Data supplied:
%%

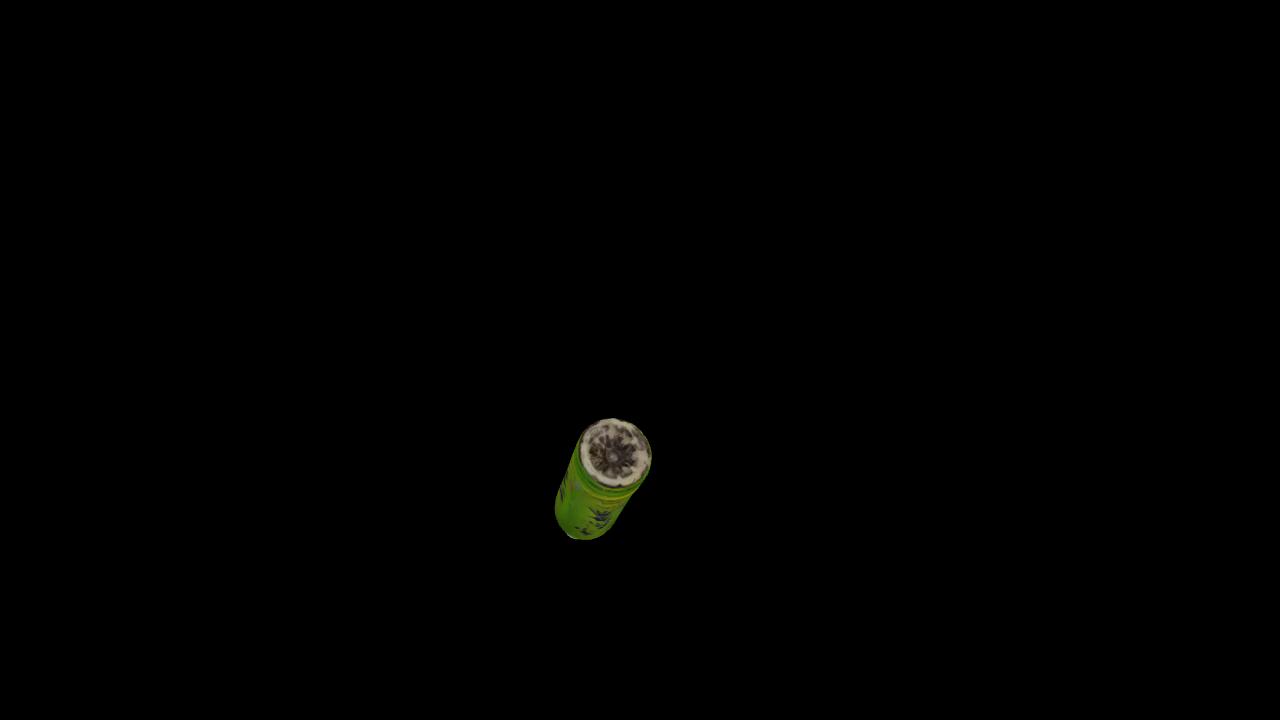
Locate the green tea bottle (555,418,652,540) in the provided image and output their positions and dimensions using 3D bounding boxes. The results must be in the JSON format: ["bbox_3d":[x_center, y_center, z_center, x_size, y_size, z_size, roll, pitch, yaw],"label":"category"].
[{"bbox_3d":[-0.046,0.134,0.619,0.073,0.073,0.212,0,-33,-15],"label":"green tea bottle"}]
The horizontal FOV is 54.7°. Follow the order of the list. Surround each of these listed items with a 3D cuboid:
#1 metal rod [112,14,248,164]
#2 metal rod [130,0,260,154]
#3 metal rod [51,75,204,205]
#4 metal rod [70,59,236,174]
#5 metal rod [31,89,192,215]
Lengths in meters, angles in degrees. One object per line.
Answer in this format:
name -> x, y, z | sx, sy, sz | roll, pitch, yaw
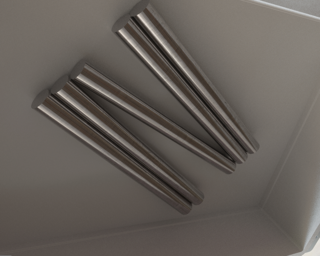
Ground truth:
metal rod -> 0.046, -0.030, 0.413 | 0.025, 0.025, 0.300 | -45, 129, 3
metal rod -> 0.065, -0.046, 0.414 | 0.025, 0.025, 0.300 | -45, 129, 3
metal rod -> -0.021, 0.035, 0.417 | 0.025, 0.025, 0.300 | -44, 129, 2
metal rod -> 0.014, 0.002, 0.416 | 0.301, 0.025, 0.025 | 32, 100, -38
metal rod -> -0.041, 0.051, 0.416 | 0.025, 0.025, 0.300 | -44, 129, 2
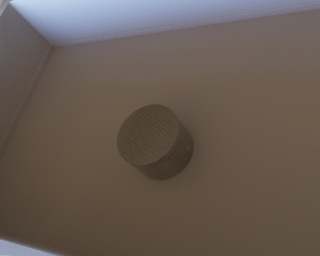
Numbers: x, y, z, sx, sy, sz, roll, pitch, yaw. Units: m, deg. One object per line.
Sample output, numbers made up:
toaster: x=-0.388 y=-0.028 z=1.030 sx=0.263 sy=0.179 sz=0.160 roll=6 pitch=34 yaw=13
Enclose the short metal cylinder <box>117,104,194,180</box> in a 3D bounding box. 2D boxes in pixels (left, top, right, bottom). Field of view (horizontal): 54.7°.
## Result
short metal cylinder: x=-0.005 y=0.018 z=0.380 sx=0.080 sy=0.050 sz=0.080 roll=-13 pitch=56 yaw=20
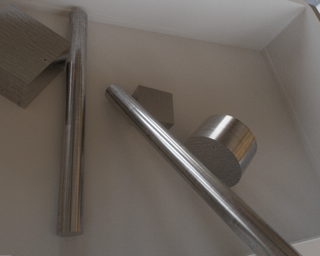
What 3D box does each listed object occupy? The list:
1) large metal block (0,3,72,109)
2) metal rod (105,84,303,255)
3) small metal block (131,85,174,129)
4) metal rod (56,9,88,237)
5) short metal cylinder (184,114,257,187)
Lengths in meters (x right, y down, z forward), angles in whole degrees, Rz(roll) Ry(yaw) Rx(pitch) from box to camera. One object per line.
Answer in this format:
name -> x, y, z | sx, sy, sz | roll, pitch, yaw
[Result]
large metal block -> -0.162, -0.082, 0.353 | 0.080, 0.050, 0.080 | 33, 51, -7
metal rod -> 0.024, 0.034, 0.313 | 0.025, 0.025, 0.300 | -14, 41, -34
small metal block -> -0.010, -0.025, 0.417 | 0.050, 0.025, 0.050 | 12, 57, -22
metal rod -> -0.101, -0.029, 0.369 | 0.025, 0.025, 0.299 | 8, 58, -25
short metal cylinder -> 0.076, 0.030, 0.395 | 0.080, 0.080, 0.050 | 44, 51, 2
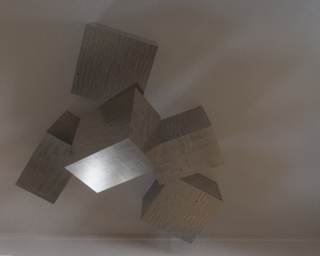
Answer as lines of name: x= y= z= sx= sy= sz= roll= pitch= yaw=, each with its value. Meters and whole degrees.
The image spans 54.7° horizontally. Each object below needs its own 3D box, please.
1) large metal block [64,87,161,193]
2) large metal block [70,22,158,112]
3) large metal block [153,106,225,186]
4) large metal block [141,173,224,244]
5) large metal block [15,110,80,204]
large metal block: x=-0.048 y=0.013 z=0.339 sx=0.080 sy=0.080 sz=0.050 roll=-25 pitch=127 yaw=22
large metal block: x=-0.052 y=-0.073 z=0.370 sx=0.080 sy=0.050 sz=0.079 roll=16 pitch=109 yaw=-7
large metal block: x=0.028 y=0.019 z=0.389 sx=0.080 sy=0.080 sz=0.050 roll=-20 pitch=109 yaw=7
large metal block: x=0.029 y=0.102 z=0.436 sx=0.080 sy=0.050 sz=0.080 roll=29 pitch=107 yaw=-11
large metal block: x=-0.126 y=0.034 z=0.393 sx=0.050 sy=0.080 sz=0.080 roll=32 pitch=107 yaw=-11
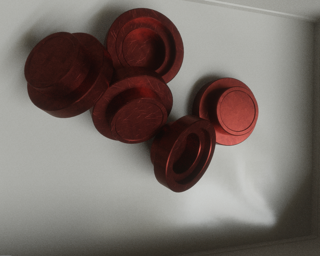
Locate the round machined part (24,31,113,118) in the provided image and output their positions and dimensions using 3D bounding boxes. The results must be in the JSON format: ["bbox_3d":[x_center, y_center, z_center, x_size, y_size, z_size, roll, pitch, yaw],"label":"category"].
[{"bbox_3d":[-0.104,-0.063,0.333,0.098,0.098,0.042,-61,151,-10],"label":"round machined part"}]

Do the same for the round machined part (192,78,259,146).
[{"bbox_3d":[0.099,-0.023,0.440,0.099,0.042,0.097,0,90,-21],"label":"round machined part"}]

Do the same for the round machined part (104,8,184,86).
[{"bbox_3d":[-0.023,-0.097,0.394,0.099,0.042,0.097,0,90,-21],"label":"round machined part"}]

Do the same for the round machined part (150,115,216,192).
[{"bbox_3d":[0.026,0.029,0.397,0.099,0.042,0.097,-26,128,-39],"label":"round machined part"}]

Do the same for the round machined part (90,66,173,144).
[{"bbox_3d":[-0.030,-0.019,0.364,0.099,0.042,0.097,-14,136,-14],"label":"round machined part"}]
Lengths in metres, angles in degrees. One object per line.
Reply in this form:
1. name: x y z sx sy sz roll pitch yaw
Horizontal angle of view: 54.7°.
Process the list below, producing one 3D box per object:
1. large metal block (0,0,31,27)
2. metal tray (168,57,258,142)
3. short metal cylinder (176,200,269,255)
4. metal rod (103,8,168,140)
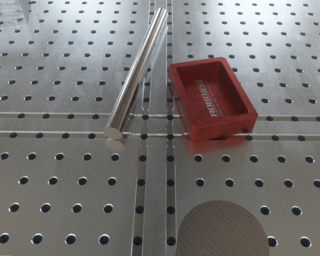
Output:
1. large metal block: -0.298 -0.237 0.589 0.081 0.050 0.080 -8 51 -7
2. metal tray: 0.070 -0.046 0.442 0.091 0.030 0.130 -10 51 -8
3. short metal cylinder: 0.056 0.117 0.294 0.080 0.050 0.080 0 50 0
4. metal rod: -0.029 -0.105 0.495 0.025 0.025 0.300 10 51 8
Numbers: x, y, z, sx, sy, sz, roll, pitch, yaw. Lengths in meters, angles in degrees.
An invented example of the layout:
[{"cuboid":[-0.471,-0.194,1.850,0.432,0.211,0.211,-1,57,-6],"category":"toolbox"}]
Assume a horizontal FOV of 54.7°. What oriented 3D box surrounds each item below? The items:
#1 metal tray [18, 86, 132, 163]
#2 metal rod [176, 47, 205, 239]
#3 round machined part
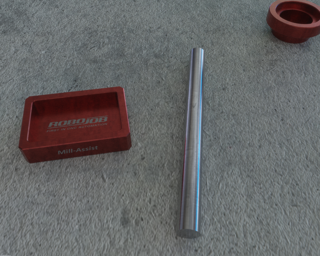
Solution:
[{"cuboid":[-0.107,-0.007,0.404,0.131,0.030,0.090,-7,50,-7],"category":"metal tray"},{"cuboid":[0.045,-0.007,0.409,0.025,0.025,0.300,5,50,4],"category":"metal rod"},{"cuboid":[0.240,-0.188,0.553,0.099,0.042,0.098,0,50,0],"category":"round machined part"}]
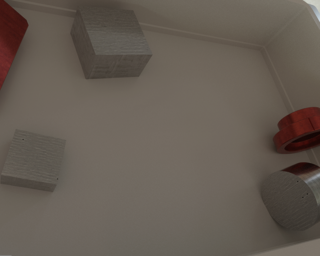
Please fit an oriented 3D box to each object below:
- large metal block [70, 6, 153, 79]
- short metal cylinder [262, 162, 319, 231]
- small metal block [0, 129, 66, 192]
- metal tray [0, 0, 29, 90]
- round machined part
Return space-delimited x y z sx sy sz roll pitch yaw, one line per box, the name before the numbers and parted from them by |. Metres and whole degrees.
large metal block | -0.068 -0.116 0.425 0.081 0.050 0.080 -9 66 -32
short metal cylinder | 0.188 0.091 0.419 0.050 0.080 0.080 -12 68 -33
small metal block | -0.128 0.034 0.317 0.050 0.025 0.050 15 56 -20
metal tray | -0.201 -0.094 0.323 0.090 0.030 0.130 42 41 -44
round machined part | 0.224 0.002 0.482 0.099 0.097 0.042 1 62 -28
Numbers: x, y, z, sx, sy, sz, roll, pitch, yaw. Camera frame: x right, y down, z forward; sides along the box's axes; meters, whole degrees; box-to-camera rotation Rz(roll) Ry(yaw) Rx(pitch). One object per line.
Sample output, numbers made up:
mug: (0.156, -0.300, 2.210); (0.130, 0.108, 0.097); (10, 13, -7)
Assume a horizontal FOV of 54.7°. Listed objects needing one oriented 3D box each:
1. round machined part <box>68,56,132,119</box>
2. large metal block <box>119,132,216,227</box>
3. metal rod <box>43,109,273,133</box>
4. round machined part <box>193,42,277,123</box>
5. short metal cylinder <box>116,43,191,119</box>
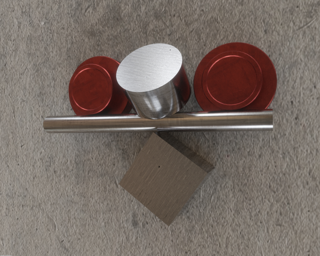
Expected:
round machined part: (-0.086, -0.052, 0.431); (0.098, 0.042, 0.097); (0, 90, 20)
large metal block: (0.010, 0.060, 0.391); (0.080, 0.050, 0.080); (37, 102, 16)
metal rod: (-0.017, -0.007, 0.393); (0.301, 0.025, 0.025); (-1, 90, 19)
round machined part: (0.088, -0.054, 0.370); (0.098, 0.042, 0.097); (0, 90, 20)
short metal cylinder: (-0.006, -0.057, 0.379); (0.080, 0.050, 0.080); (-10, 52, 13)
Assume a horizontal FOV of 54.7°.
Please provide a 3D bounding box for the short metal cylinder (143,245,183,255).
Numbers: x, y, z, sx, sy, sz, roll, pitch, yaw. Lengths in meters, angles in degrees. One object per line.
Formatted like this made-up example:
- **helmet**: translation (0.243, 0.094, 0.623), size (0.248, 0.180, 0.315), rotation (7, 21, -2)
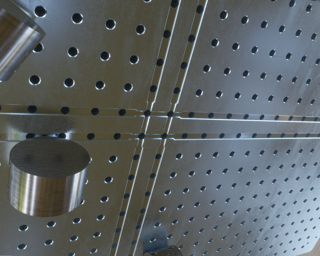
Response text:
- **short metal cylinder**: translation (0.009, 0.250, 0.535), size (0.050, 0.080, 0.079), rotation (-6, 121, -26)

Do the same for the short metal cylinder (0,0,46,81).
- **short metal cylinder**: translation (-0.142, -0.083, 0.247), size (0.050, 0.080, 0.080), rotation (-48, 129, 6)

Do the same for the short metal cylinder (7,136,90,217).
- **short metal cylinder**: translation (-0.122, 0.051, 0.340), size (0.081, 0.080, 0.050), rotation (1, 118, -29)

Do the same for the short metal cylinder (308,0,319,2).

%%

Starting at the line above that holds "#3 round machined part", repeat every line exactly down to and including the line that holds "- round machined part", then stop. Do not carry over any pictures.

#3 round machined part
Solution:
[{"cuboid":[-0.107,-0.007,0.404,0.131,0.030,0.090,-7,50,-7],"category":"metal tray"},{"cuboid":[0.045,-0.007,0.409,0.025,0.025,0.300,5,50,4],"category":"metal rod"},{"cuboid":[0.240,-0.188,0.553,0.099,0.042,0.098,0,50,0],"category":"round machined part"}]
Please fit an oriented 3D box to each object below:
- large metal block [70, 6, 153, 79]
- short metal cylinder [262, 162, 319, 231]
- small metal block [0, 129, 66, 192]
- metal tray [0, 0, 29, 90]
- round machined part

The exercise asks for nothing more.